On 4 October 39th Siege Bty moved four guns up, then on 10 October the other two went forward to Avion. It reached Billy-Montigny with five of its howitzers on 13 October, but on 18 October it had to be left behind because there was no canal bridge strong enough to take its heavy howitzers and caterpillar tractors. On 24 October it was ordered up to Carvin, but next day this march was halted when another bridge was found to be too weak. It finally moved up on 1 November, two of its howitzers came into action on 4 November and two more next day, but the Germans were retreating too quickly for the heavy howitzers to keep up.
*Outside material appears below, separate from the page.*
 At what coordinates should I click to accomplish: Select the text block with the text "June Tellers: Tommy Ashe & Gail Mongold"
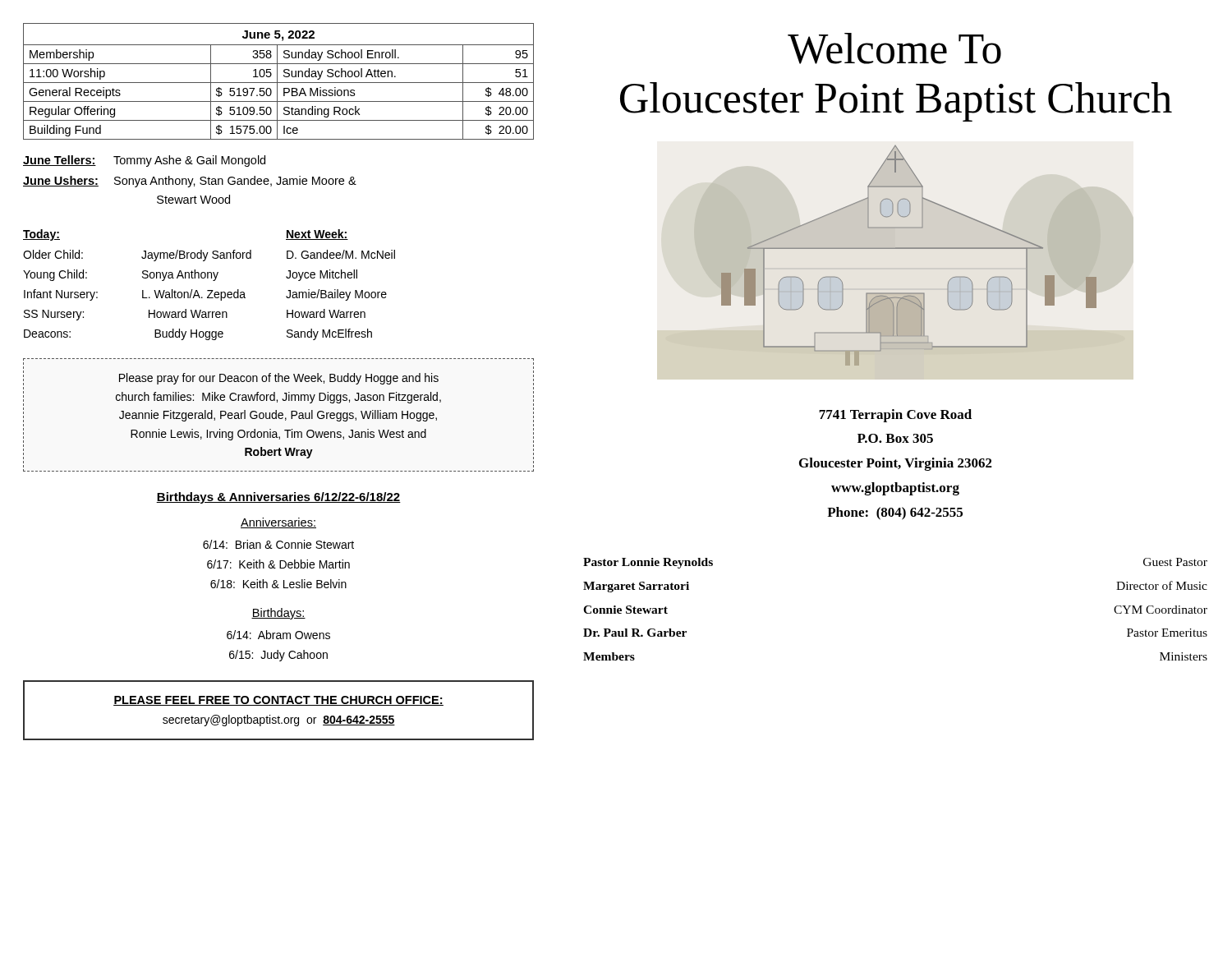click(x=278, y=181)

Hostilities ended on 11 November when the Armistice with Germany came into effect. On 18 November, 39th Siege Bty parked its guns in the square at Carvin.

The Commonwealth War Graves Commission lists the names of 46 members of the battery who died in service; there may be others who were simply listed as RGA.

==Postwar==
39th Siege Battery continued in the Regular Army after the Armistice. It became 39th Battery, RGA, on 19 April 1919, and converted into 39th Mountain Battery, RGA on 20 January 1920. However, on 16 April that year it was absorbed by the cadre of 3rd Mountain Bty in India.